Blastodacna curvilineella

Scientific classification
- Kingdom: Animalia
- Phylum: Arthropoda
- Clade: Pancrustacea
- Class: Insecta
- Order: Lepidoptera
- Family: Elachistidae
- Genus: Blastodacna
- Species: B. curvilineella
- Binomial name: Blastodacna curvilineella (Chambers, 1872)
- Synonyms: Gelechia curvilineella Chambers, 1872; Elachista curvilineella; Batrachedra curvilineella;

= Blastodacna curvilineella =

- Authority: (Chambers, 1872)
- Synonyms: Gelechia curvilineella Chambers, 1872, Elachista curvilineella, Batrachedra curvilineella

Species of moth

Blastodacna curvilineella is a moth in the family Elachistidae. It was described by Vactor Tousey Chambers in 1872. It is found in North America, where it has been recorded from Kentucky, Maine, Ontario and Quebec.

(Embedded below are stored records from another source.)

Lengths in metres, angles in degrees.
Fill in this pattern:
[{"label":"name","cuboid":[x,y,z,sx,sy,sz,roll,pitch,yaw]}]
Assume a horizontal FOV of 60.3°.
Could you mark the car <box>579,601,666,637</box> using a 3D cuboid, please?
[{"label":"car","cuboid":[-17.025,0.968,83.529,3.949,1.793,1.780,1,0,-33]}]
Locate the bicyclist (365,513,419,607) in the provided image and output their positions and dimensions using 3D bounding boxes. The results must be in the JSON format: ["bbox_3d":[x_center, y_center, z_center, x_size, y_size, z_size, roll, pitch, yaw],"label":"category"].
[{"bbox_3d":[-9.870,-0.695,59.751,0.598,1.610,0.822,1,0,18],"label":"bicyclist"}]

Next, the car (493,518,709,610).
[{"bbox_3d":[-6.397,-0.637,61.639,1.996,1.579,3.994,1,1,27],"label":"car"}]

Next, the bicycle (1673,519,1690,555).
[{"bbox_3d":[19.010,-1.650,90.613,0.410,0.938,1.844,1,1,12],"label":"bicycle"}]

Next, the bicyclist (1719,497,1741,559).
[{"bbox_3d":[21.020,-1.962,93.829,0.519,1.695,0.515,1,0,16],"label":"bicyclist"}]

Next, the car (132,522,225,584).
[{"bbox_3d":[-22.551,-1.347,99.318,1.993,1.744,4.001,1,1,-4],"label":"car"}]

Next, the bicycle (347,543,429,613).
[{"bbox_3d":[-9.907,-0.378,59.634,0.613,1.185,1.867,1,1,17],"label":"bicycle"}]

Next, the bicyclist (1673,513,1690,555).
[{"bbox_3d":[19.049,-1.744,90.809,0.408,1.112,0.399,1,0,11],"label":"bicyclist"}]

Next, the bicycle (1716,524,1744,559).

The wings are dusky grey, sprinkled with hoary (white or grey) and there is a hoary spot on each side of the thorax above the wings. There are two or three indistinct, dusky longitudinal short streaks on the wings. Adults are on wing from May to July.

The larvae have been recorded feeding on Crataegus species.